Поделиться
Джек Лондон на Русско-японской войне
Поделиться

О необыкновенном человеке, который умел смотреть в глаза опасности

-

Хорошо всем известен этот писатель, смелый золотоискатель, отчаянный бродяга-путешественник, упорный исследователь трущоб английской столицы, великий плаватель по южным морям, автор известных на весь мир превосходных очерков, романов и рассказов. И меньше знают о Лондоне – военном корреспонденте на Русско-японской войне. А ведь он первым из иностранных корреспондентов вопреки запретам ближе всех проник к местам боев.

Нос военного корабля торчит над поверхностью воды. Видна труба, оснастка палубы. Кадры сняты с разных ракурсов. Еще снасти каких-то потопленных судов попали в объектив. Вдали, у горизонта, дымятся верхушки мачт крупного судна.
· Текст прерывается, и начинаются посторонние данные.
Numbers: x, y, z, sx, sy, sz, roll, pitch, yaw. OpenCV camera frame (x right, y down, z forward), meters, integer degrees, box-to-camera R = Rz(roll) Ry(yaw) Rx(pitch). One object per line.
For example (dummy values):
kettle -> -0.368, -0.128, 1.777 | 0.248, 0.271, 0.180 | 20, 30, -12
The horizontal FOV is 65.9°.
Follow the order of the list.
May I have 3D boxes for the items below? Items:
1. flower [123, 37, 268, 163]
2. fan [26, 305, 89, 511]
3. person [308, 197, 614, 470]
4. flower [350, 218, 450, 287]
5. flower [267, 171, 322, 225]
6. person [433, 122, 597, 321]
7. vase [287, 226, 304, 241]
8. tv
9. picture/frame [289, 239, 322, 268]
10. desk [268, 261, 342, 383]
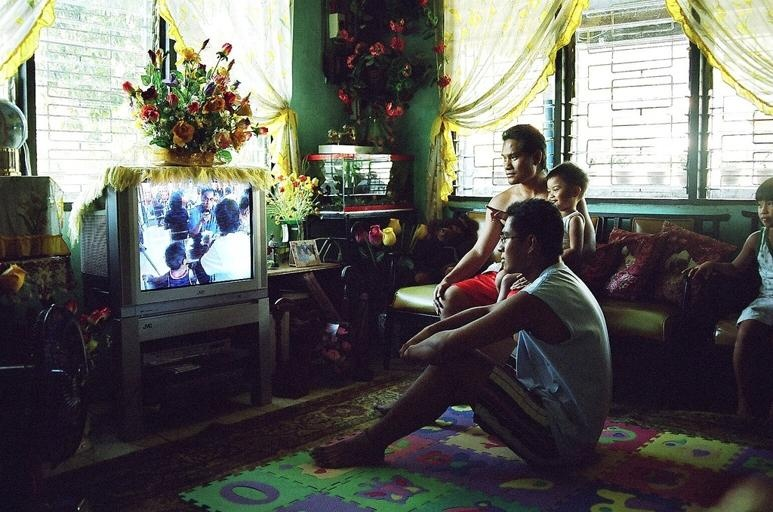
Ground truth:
flower -> -1.154, -0.858, 3.831 | 0.815, 0.633, 0.870 | -9, 9, 27
fan -> -1.521, 0.717, 2.808 | 0.263, 0.838, 0.838 | -7, 11, -28
person -> 0.361, 0.397, 3.187 | 1.537, 1.312, 1.096 | -1, 0, 41
flower -> 0.069, -0.033, 4.743 | 0.594, 0.499, 0.617 | 7, 2, -39
flower -> -0.703, -0.421, 4.551 | 0.392, 0.391, 0.398 | -1, 1, -24
person -> 0.744, -0.035, 3.707 | 0.942, 1.460, 0.655 | -3, 8, -13
vase -> -0.680, -0.165, 4.522 | 0.110, 0.111, 0.108 | 0, -2, -5
tv -> -1.316, -0.080, 3.967 | 1.251, 1.142, 0.918 | -4, 7, -40
picture/frame -> -0.611, -0.012, 4.446 | 0.075, 0.182, 0.202 | -22, -12, 37
desk -> -0.582, 0.486, 4.175 | 0.459, 0.767, 0.838 | -1, 3, 25
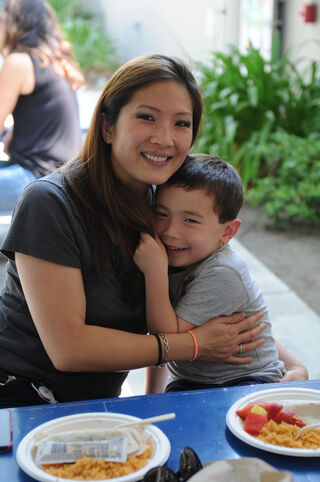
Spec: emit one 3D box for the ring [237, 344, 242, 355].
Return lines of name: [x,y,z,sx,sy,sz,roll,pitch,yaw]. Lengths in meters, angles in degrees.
ring: [0.239,0.320,1.279,0.010,0.024,0.019,1,-4,-1]

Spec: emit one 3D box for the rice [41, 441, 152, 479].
rice: [-0.096,0.367,0.713,0.186,0.020,0.058,0,5,-19]
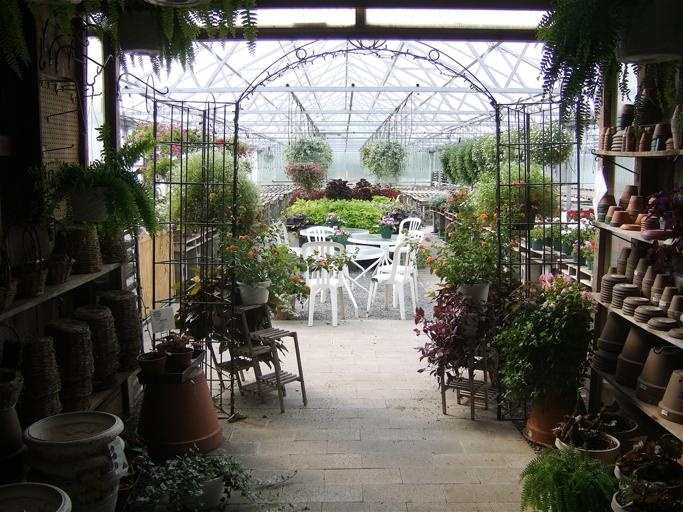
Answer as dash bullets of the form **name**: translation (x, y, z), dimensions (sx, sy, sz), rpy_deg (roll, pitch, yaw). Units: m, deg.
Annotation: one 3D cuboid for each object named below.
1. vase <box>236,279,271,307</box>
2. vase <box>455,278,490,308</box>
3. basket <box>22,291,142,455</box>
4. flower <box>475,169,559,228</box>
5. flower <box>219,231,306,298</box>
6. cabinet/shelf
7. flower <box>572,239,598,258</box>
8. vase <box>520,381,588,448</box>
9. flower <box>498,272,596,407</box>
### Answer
- **vase**: translation (-0.732, 0.299, 4.184), dimensions (0.236, 0.134, 0.228), rpy_deg (-1, 2, -9)
- **vase**: translation (1.080, 0.308, 4.072), dimensions (0.207, 0.155, 0.210), rpy_deg (0, 6, -4)
- **basket**: translation (-1.562, 0.654, 3.343), dimensions (0.607, 0.757, 0.799), rpy_deg (1, 2, 7)
- **flower**: translation (1.734, -0.562, 4.956), dimensions (0.779, 0.517, 0.703), rpy_deg (-5, 9, -26)
- **flower**: translation (-0.609, 0.160, 4.646), dimensions (0.503, 0.443, 0.645), rpy_deg (9, -3, -27)
- **cabinet/shelf**: translation (-0.844, 0.847, 4.326), dimensions (1.067, 0.903, 0.386), rpy_deg (-2, 3, 36)
- **flower**: translation (2.371, -0.071, 4.896), dimensions (0.223, 0.148, 0.194), rpy_deg (-1, 2, -9)
- **vase**: translation (1.480, 1.106, 3.505), dimensions (0.319, 0.402, 0.313), rpy_deg (2, -8, 6)
- **flower**: translation (1.496, 0.517, 3.460), dimensions (0.545, 0.617, 0.406), rpy_deg (12, -1, 1)
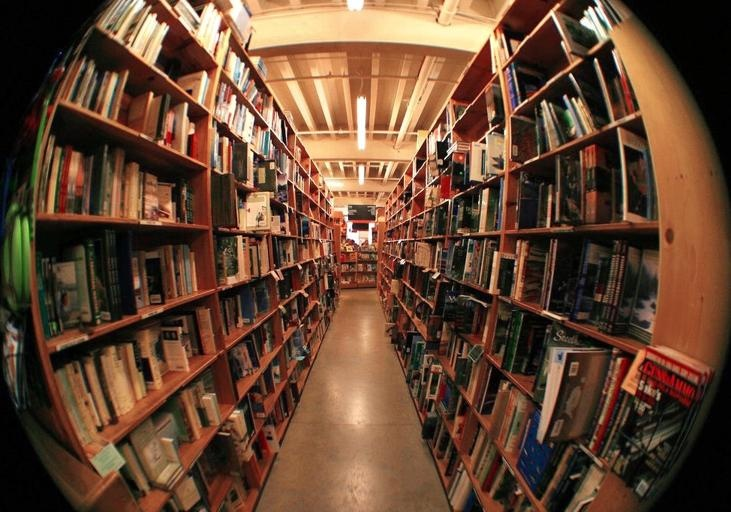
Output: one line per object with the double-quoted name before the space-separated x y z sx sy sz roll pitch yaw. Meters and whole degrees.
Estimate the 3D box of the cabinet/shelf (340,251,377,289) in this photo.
"cabinet/shelf" -0.217 0.342 11.369 0.887 0.289 0.849 -2 -84 -7
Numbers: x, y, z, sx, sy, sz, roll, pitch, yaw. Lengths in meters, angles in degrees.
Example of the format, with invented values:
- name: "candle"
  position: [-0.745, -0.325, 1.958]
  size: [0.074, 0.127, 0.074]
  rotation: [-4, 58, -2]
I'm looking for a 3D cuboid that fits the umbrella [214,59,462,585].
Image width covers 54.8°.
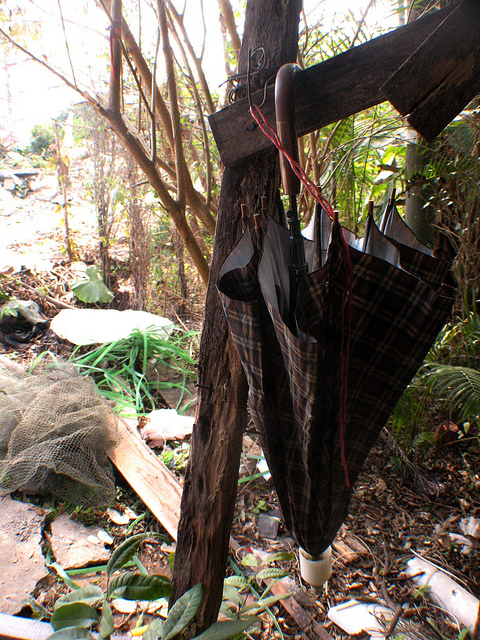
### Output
- name: "umbrella"
  position: [0.132, 0.031, 0.746]
  size: [0.353, 0.809, 0.347]
  rotation: [5, 3, 13]

И подпись под фотографией его рукой – «Варяг».

За две недели до объявления военных действий в конце января прибыл Джек Лондон в Йокогаму. Далее были Токио – Кобе – Нагасаки – Модзи – Кокура – Симоносеки. Писатель мыкался по японским городам и весям, пытаясь отплыть в Корею, где стояли два русских военных корабля и можно было ожидать схватки.

Джек торопился изо всех сил. Слышал, что хотя война еще не объявлена, но там в тихом нейтральном порту обложенные превосходящими силами японской эскадры заперты русские суда – крейсер «Варяг» и канонерка «Кореец». Русские не сдадутся, обязательно будет бой. Японские военные патрули то и дело проверяли документы, задерживали, запрещали фотографировать, наконец арестовали, отобрали у него камеру, но через день вернули. Добились того, что он опоздал на пароход в Корею, ему предстояло пересечь Японское море и обогнуть в непогоду Корейский полуостров.
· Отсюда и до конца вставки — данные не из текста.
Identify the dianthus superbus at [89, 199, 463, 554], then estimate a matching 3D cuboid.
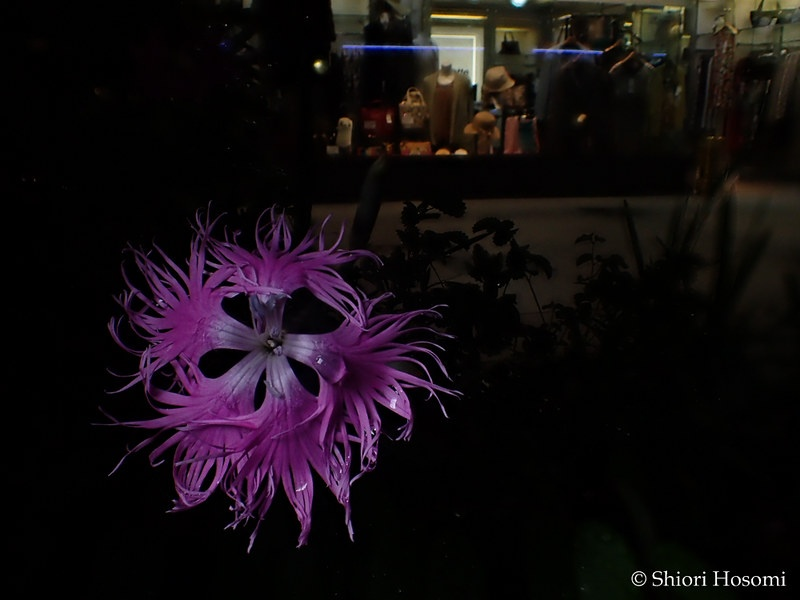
[{"bbox_3d":[-0.181,0.127,1.023,0.525,0.484,0.211,1,25,11],"label":"dianthus superbus"}]
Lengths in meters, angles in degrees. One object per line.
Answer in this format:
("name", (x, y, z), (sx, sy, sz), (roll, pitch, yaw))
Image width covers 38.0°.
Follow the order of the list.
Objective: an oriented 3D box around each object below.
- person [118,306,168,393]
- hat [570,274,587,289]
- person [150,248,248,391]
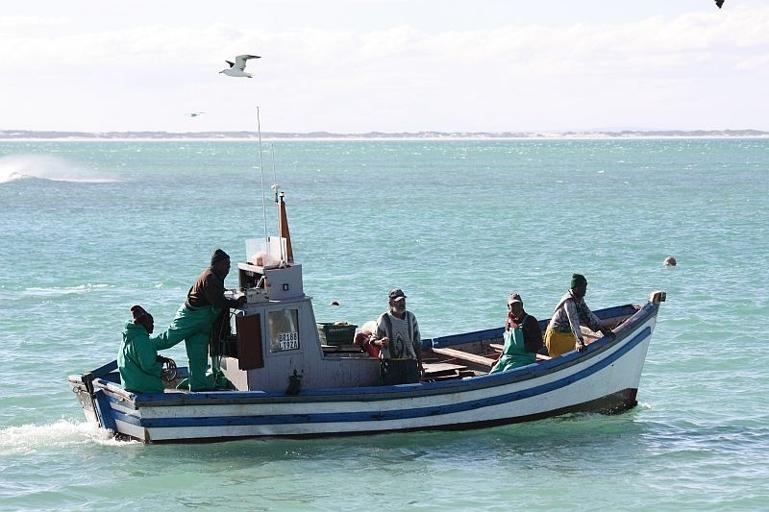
("person", (-5.402, 2.049, 24.416), (0.982, 1.933, 0.759), (-8, 10, -9))
("hat", (4.458, 0.601, 25.983), (0.573, 0.271, 0.337), (4, 15, 24))
("person", (-4.029, 1.446, 24.522), (1.943, 3.207, 0.607), (-7, 11, -3))
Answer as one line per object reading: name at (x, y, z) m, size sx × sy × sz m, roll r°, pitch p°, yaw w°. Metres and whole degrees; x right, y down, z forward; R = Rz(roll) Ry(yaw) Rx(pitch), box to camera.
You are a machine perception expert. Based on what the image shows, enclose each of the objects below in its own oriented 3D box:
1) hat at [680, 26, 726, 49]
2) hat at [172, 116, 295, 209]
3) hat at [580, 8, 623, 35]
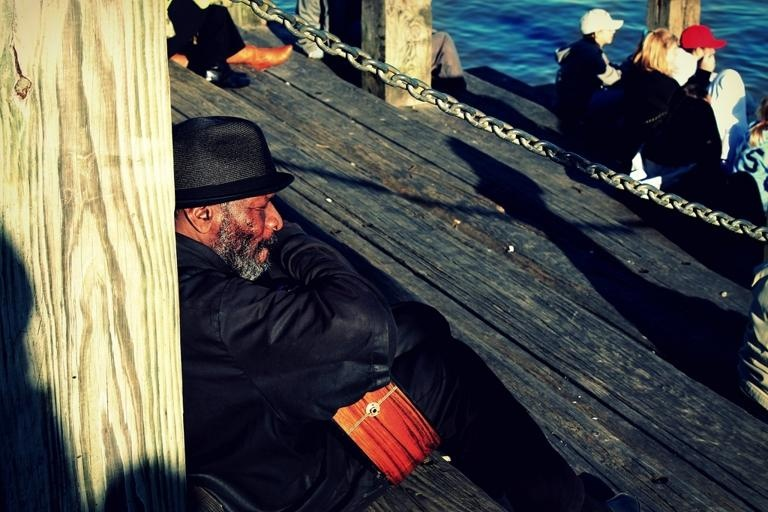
hat at (2.491, -1.701, 7.388) m, size 0.319 × 0.155 × 0.201 m, roll -5°, pitch 18°, yaw 12°
hat at (-0.638, -0.405, 3.970) m, size 0.499 × 0.188 × 0.355 m, roll -9°, pitch 18°, yaw -21°
hat at (1.619, -1.750, 7.046) m, size 0.288 × 0.141 × 0.194 m, roll -5°, pitch 24°, yaw 2°

9 февраля, когда Лондон на утлой джонке пробирался вдоль изобилующего островами и непроходимыми рифами всклокоченного побережья Желтого моря к Чемульпо, японский флот в боевом строю внезапно атаковал Порт-Артур.

Напрасно коварной атакой в день нападения на Порт-Артур японцы пытались захватить стоявшие в чемульпском порту русские корабли. Весь мир ныне знает о воспетом в песнях бессмертном подвиге моряков «Варяга» и «Корейца».

Пошел снег. Уши, руки и ноги у него обморожены. Но досадно, что он не успел. Ему помешали стать свидетелем беспримерной самоотверженности русских моряков. Историческая трагедия уже свершилась. Джек и сопровождавший его фотограф Данн две недели спустя снимали арену смертельной битвы.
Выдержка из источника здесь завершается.